Engineer Takes on Biological Weapons in CIA Thriller
By Jody Ewing
03/07/02
A part-time job with the CIA is fun, thinks engineer Martin Conley, until one
day when a dying KGB agent gives him information that changes his
life: a multi-warhead anthrax missile was installed in the ocean near
Midway Island during the Cuban Missile Crisis.
Thus begins a physical and moral journey for this atypical hero in
Clive Warner's first novel "Appointment in Samara," published March 1. Conley travels to the Wadi Hadhramount in South Yemen partnered
with Alia, a beautiful Arab woman, to retrieve the weapon's control
codes. He's soon drawn into a deadly civil war between North and South
Yemen and finally must decide - will he obey his CIA masters - or
make decisions based on ultimate good?
"Strangely, events have made it topical, although the first draft was completed
18 months ago," says Warner, a former international project engineer who has lived and worked
in more than 30 countries. "I was amazed when the anthrax attacks started. I remember thinking, 'This can't
be true.'"
The story is intended to show that the simplistic, patriotic mind-set
is not always necessarily right or just, and, if followed blindly,
can lead to genocidal actions. Warner, who lives in North Mexico,
says the idea for the book came from the History Channel.

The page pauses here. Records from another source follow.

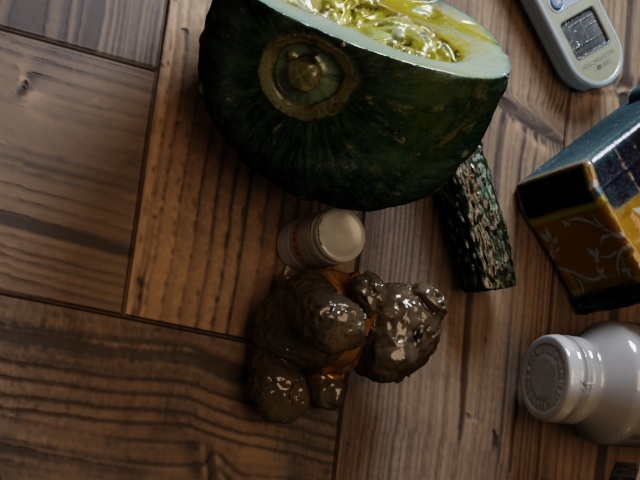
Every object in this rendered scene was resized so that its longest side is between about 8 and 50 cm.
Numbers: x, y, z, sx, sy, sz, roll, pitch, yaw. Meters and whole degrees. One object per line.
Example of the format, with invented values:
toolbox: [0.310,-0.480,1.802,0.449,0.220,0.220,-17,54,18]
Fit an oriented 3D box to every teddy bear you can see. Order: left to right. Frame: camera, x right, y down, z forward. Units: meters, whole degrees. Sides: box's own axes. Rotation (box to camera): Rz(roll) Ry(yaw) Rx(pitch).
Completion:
teddy bear: [0.030,0.090,1.705,0.190,0.177,0.140,8,41,-25]

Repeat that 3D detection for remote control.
remote control: [0.262,-0.280,1.947,0.087,0.047,0.244,-32,97,-33]

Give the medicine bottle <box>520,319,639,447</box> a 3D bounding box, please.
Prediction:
medicine bottle: [0.327,0.155,1.861,0.215,0.135,0.135,7,79,-28]

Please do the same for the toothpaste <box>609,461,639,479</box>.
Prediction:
toothpaste: [0.409,0.309,1.933,0.196,0.047,0.040,33,71,-21]

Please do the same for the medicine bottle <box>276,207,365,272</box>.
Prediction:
medicine bottle: [0.000,0.000,1.729,0.057,0.089,0.057,5,80,-28]

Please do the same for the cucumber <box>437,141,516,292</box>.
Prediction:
cucumber: [0.144,-0.086,1.840,0.067,0.067,0.293,-15,89,-30]

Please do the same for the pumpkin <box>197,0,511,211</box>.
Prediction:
pumpkin: [0.018,-0.145,1.690,0.293,0.197,0.263,24,26,1]

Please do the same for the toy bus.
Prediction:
toy bus: [0.393,-0.076,1.923,0.323,0.162,0.194,-36,97,-27]

"I was watching a program about the Cuban Missile Crisis on the History Channel
where they were describing how the U.S. sent every 'eye' that it could to find
the suspected missiles - satellites, surveillance aircraft, even regular jets
at low level," he says. "Suddenly the idea came: what if the crisis was just a diversion? Suppose, at
the same time, while all surveillance was directed at Cuba, the Soviets were
emplacing a super weapon, a 'doomsday device,' elsewhere?"
Since weaponized anthrax already had been developed, Warner settled
on it for his doomsday device. He immersed himself in research, including
data on the Gruinard Island tests that were used in early bio-war
experiments by the British government. His goal was to write an authentic
action-adventure that contained no holes in the plot. He also wanted
to write a thriller that focused on engineers.

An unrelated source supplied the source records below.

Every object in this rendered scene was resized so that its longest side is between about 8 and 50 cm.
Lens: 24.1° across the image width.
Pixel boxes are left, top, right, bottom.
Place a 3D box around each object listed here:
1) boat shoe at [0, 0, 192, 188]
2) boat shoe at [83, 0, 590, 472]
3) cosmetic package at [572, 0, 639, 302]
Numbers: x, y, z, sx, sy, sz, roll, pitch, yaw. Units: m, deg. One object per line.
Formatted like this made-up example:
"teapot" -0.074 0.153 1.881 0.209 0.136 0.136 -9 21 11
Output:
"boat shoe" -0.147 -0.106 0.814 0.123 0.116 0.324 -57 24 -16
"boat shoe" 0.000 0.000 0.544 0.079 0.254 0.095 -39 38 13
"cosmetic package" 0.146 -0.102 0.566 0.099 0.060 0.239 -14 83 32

"Most people, in my experience, think engineers are boring people," Warner says. "In reality engineers change peoples' lives. Engineers build war machines and
are indispensable on the battlefield."
Additionally, Warner strove to break the stereotype that engineers
are cold, unfeeling people. "They're humans like any others, with the same capacity for emotion and loyalty," he says.
The book ties in with Warner's actual experiences and some of the
book's events are fictional versions of recent history. Having traveled
to South Yemen twice, Warner installed a mobile phone system in the
Wadi Hadhramount and surveyed 60 miles of coastal territory in the
'Five Towns' area. He was amongst a group of diplomats during President
Ali Nasser's visit to Sey'un in the Wadi.
"He made a speech which even I, with my poor Arabic, could see as a harbinger
of war with the North," Warner says. "Shortly after my visits, a civil war did indeed take place in the Yemen, between
North and South."
Warner based his title on Somerset Maugham's short story from the
'30s, and going back further to the original Persian fable. In the
fable, a man tries to flee from his fate, only to meet up with it
in the very place he flees to. The title "Appointment in Samarra" also was used 20 years ago in the John O'Hara novel.
"My character, too, wants to avoid the dreadful responsibilities that descend
upon him, but ultimately must accept the fact that some are chosen as the instruments
of change," Warner says. "There is a scene in the film 'Zulu' where, as thousands of Zulus are massing
for the attack, a British soldier asks his sergeant, 'Why us? Why do we have
to be the ones?' And the sergeant replies, 'Why, because we're 'ere, lad. Because
we're 'ere.'"
That line, says Warner, sums it all up. "Ultimately all of us must make some fateful decision 'because we're 'ere.'"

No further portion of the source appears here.